Когда Светлана говорила о духовном, она вся преображалась, начинала светиться каким-то внутренним светом. Как будто говорила не совсем она. И куда девалась та приземлённая особа, которую Пётр знал несколько лет назад? Нет, на такой девушке он должен, просто обязан жениться. Золото, а не девушка! Паспорт у него теперь есть. Вот только стоит ли ему появляться в ЗАГСе? Всё-таки он в розыске…
Но спросил Пётр Свету не о том, согласна ли она выйти за него замуж. На этот вопрос он и так знал ответ.
— Свет, ты считаешь пришельцев бесами?
— Нет, бесы — духи. Христиане скептически относятся к тем, кто представляет бесов плотскими существами. Наверное, злые духи нашли на другой планете каких-нибудь неразумных существ, что-то вроде обезьян, и научились управлять ими. Одно ясно наверняка — те и другие очень тесно связаны.
— А когда придёт отец Антоний? У меня много вопросов к нему накопилось.
— Когда освободится, тогда и придёт. Вынеси-ка пока мусор, а я посуду помою.
Ну вот! Фактически он и так уже муж! Разве друга станут просить вынести мусор?
Глава 9
Сердечный целитель
Антон Алексеевич снял пальто, и под ним обнаружился больничный халат. Роста он был среднего, глаза — прозрачно-серые, волосы и борода — коротко подстрижены. Возраст по внешнему виду определить было сложно. Совсем он не был похож на священника, а на главврача — был.
Его провели всё на ту же кухню и посадили всё на тот же стул, на котором уже пересидели и майор, и Мыслетворцев, и Ольга.
— Милый вы мой Пётр Исаакович! — сказал Антон Алексеевич. — Как, наверное, исстрадалось ваше сердце!
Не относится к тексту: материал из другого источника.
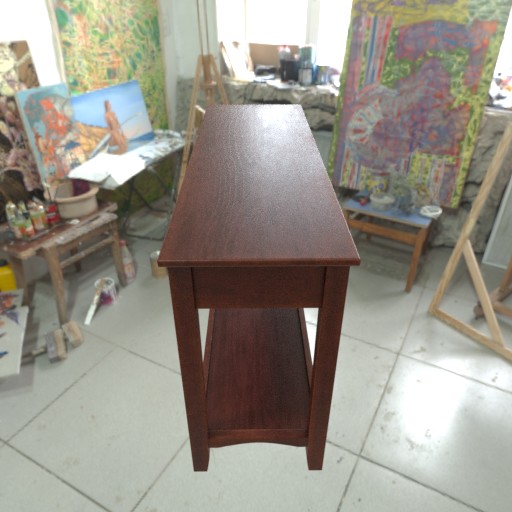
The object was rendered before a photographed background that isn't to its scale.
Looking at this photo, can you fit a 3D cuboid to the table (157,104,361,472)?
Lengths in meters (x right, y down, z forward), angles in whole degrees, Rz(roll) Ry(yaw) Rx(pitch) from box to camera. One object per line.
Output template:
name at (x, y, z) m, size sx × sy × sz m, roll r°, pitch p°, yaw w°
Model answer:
table at (0.000, 0.000, 1.543) m, size 0.392 × 0.739 × 1.188 m, roll 0°, pitch 33°, yaw -1°
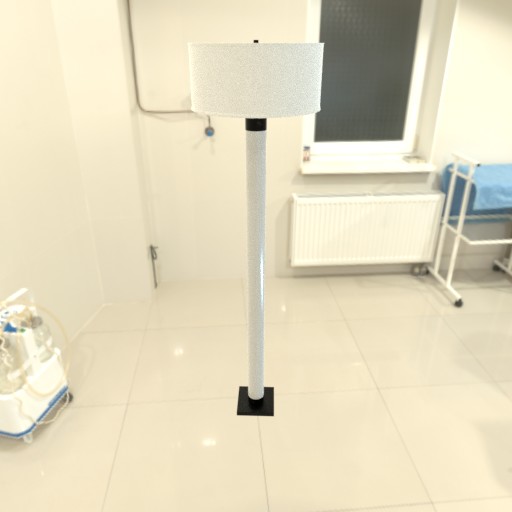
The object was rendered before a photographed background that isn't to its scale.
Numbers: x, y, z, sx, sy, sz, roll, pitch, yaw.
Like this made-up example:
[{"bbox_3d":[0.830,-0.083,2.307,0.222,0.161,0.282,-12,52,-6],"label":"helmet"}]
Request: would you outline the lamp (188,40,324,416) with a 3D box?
[{"bbox_3d":[0.000,0.000,1.683,0.420,1.475,0.420,1,26,2],"label":"lamp"}]

— Ответьте вы мне, Антон Алексеевич, что же всё-таки происходит? — спросил Пётр. — Могут тёмные духи воплотиться? Почему они реставрируют храмы?..
— Это не ко мне, мой милый, не ко мне. Завтра вы всё узнаете. А может быть, не всё. Я отвечаю за дела сердечные. Светанька, я прохлопал ушами всё на свете. Вот только вчера наконец вошёл в курс дела. Ты слышала про отца Илариона?
— Сегодня днём первый раз услышала, отец Антоний.
— Вот я старый пень! Отец Иларион — мой давний друг. Он ждёт вас у себя в храме завтра в семь часов утра. Но предупрежу вас: отец Иларион очень эксцентричен. Я далеко не во всех вопросах с ним согласен, особенно политических. Он умеет убеждать людей, но вы не принимайте на веру все его утверждения. Ехать нужно на электричке, так что ты, Светанька, скажи своему начальнику, что можешь опоздать на часок-другой. Пусть вычтет из зарплаты, или что там ещё… Дело важное.
— Если буду опаздывать, так и позвоню по мобильному. Авось, успею.
— Ну хорошо, мои милые, вот что я скажу: надо бы мне вас как можно быстрее обвенчать. В ЗАГС пока не надо, я же не формалист. Ещё успеется. У нас перед венчанием нужно показывать печати в паспортах, — объяснил он Петру.
— Я согласна! — сказала Света. — А почему как можно быстрее?
— Дело в том, что мне необходимо укрепить вас таинством брака перед боем.
— И какой нам предстоит бой? — спросил Пётр.
— Это тоже не ко мне. Отец Иларион всё, всё вам объяснит. Он мастак в объяснениях. Бой у нас всегда один — против духов злобы поднебесной, и оружие одно — усиленная молитва и пост. Но давайте лучше поговорим о вас. Вы расставались на три года. Расставание всегда оставляет сердечную рану. Надо бы мне её подлатать.